# A month of smallmouth fishing in Canada



## robertj298 (Feb 23, 2009)

I spent the whole month of September smallmouth fishing in Canada. The first week my son was with me and the last week my wife was with me. Caught a ton of 3-4 lb. smallmouth with maybe a half dozen over 4 lbs.. Also caught some of the biggest northerns I've ever taken fishing for smallmouth. Heres some photos of the fish, scenery and wildlife in the area. I am very very lucky to have such an understanding wife to agreewith me doing this


----------



## Rocknfish (Oct 7, 2004)

A lucky man indeed! 
Great photography...hard to beat the feeling of being on the water at the days dawn.
Congrats on a MONTH of fishing man...wow.


----------



## Snakecharmer (Apr 9, 2008)

Nice photos. Gotta luv the moose.


----------



## SMBHooker (Jan 3, 2008)

Wow. . . Must of been a dream trip! Great pics!


----------



## WillyB2 (Dec 28, 2008)

Robert, you lucky dog. I can only manage a one week trip to Ontario each year. I love those smallies. The only difference is my wife is right there in the boat with me. We had a great trip this year catching most of our bass on topwater. What great action !! Beautiful pics, what part of Canada were you in?

Willy


----------



## robertj298 (Feb 23, 2009)

WillyB2 said:


> Robert, you lucky dog. I can only manage a one week trip to Ontario each year. I love those smallies. The only difference is my wife is right there in the boat with me. We had a great trip this year catching most of our bass on topwater. What great action !! Beautiful pics, what part of Canada were you in?
> 
> Willy


We were in the Mcgregor Bay area off the Manitoulin Island. My wife was in the boat with me the last week of the month. She can only take about 1 week of being in the wilds lol. Usually the topwater bite is great but this year it was just ok. Most of the smallmouth were caught on tubes even the 16.5 lb Northern was caught on a tube. It was a miracle I landed the Northern .He had the tube back in the top of his mouth and how he didn't cut my line as I was using no leader was a miracle. I also only had a small bass net so I had to use the mechanical lip grabber in the photo to land him which was no small task


----------



## Ry440 (May 11, 2011)

it looks beautiful! The wildlife up there is just breathetaking. I bet it was hard to come back to ohio lol


----------



## MDBuckeye (Sep 29, 2009)

Great pictures!
Ontario used to be an annual trip for me but in the last couple of years I haven't been up.

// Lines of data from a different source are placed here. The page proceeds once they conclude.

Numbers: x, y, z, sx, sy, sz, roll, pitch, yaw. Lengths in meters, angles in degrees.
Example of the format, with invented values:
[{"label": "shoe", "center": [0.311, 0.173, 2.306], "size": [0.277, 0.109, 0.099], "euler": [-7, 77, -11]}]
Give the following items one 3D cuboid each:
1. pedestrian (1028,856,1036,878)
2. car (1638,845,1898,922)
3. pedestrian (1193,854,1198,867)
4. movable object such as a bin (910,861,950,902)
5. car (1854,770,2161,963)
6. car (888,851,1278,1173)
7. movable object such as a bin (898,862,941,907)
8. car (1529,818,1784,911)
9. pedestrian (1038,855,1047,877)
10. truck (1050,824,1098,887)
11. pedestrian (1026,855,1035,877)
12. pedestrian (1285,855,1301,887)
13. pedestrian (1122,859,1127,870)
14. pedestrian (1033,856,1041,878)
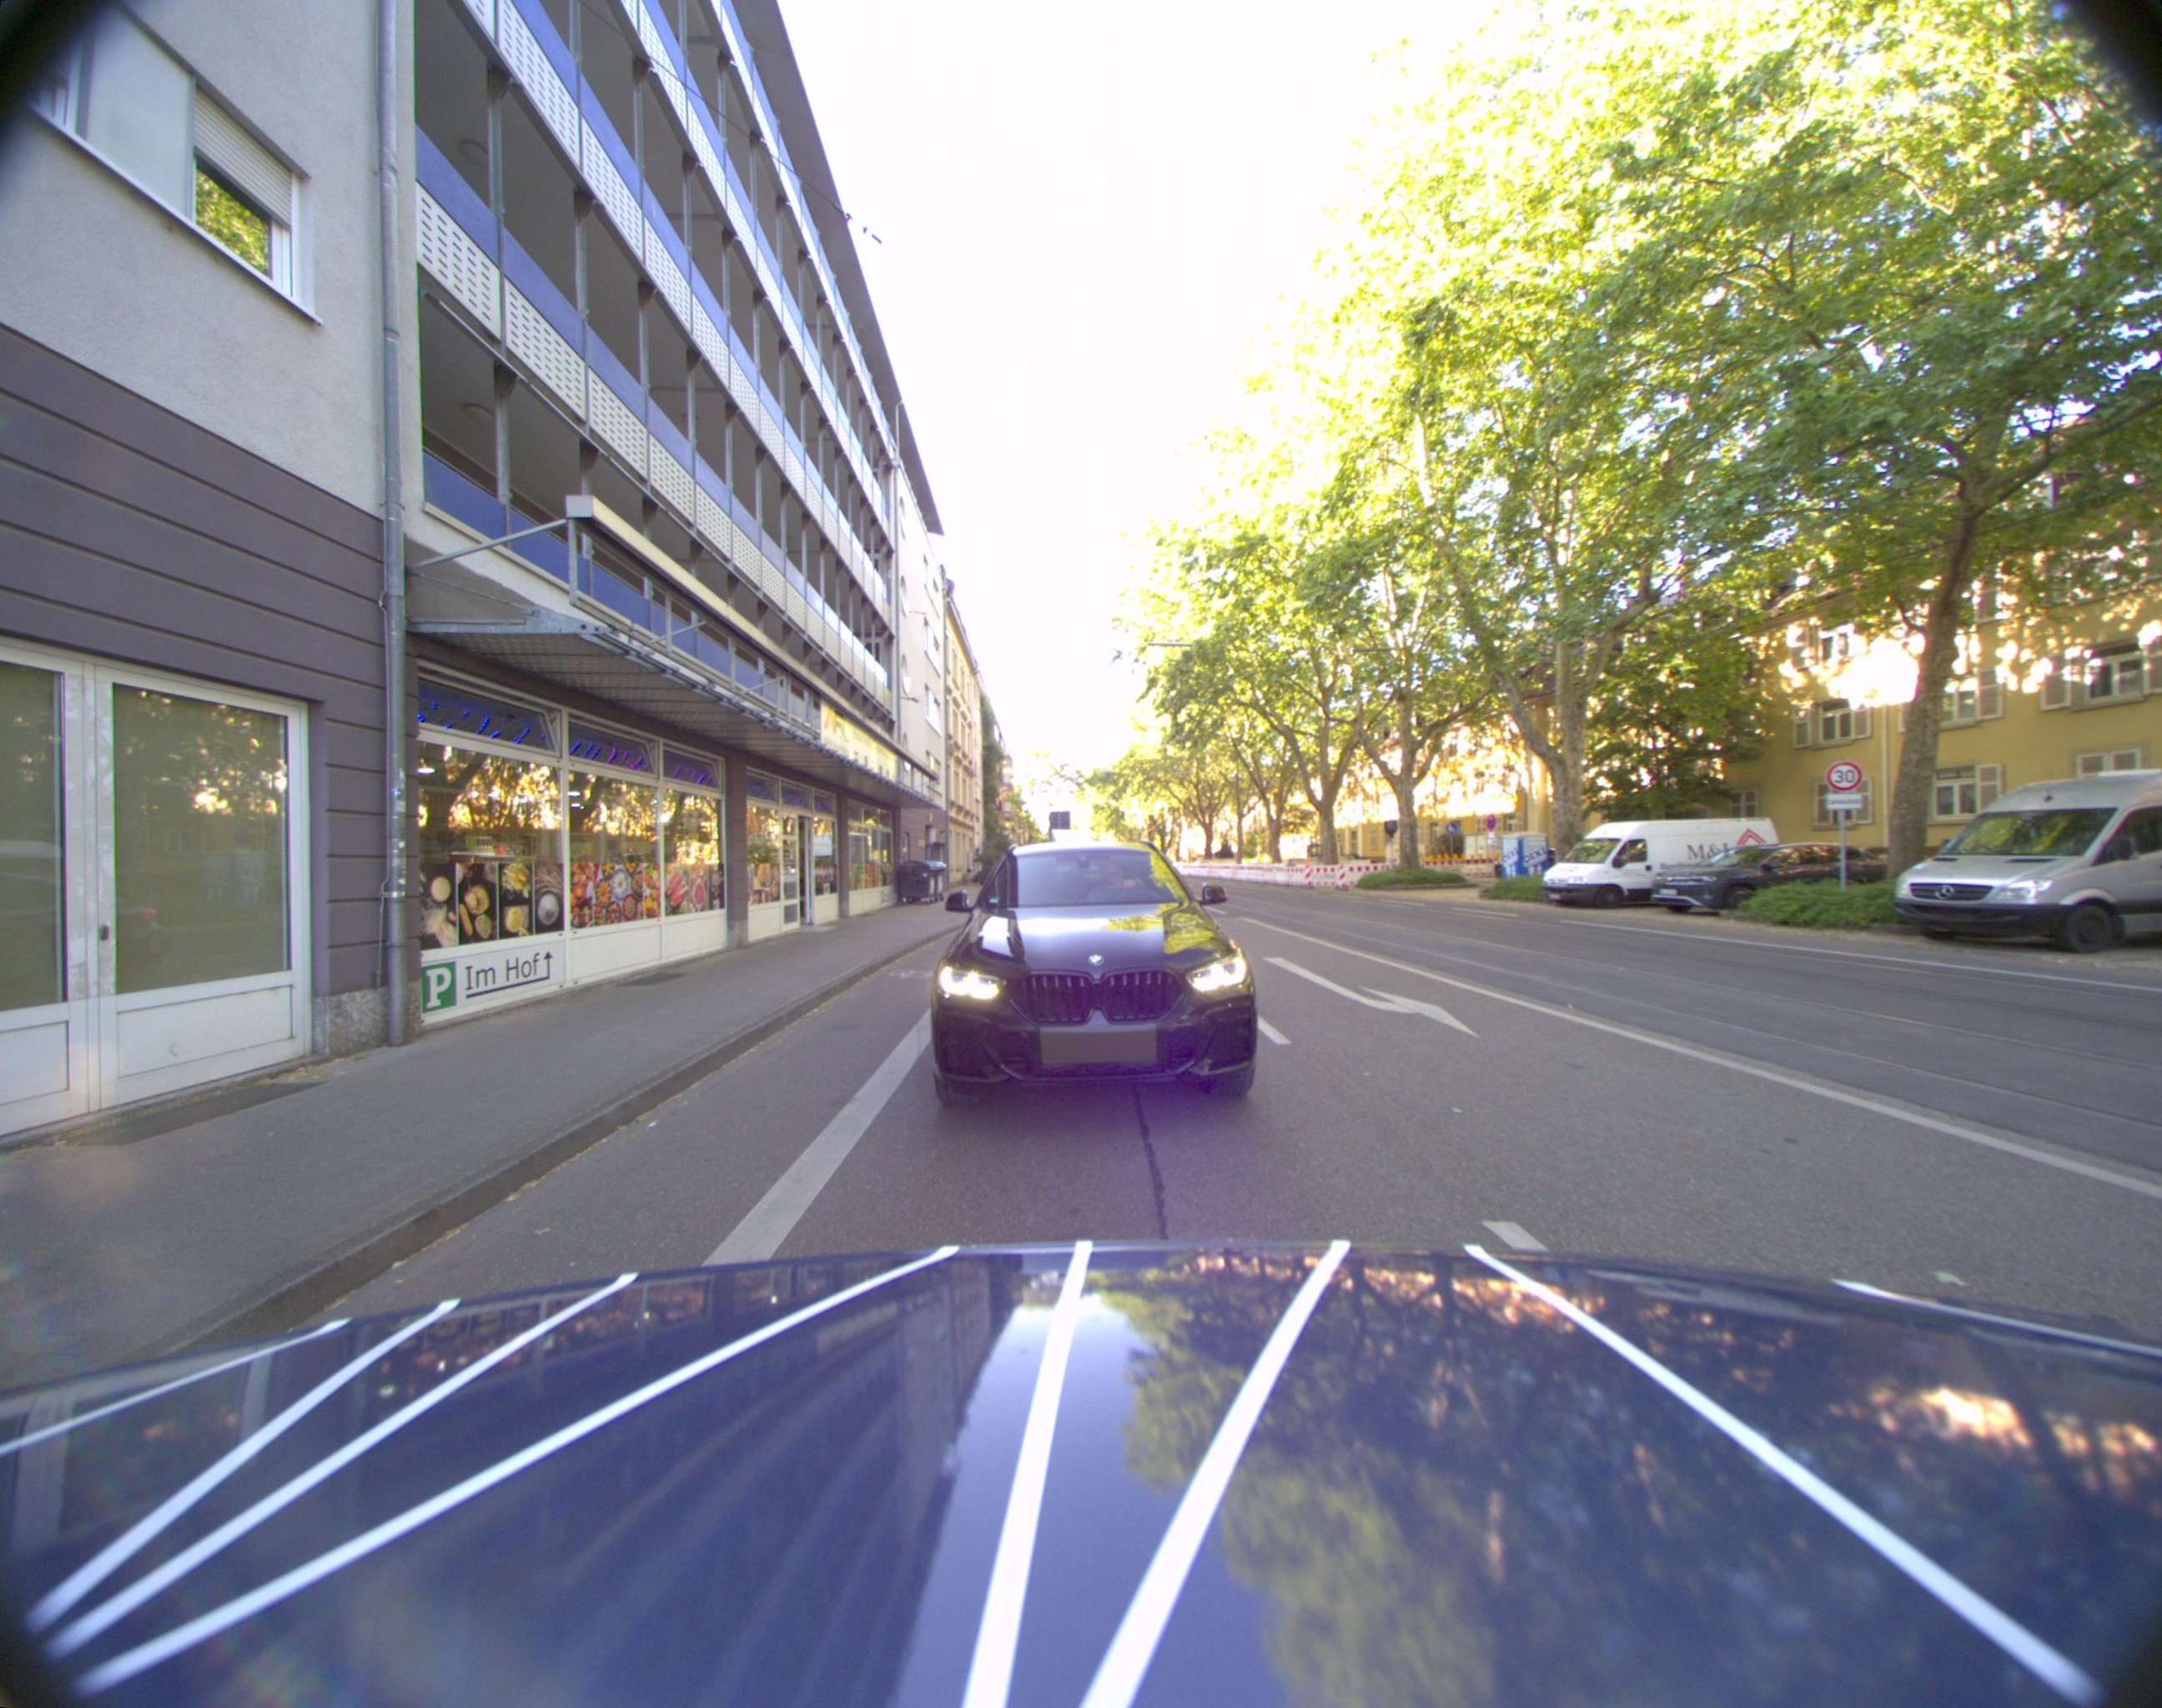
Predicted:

Congrats on a wonderful trip!


----------



## Capital outdoorsman (Mar 27, 2006)

The picture of the deer brought back a memory. I have hit a couple while driving a car but will never forget nearly hitting one while in a boat.


----------



## scappy193 (May 11, 2009)

man, you are LUCKY!!! i want to live through your pictures. post more please!!


----------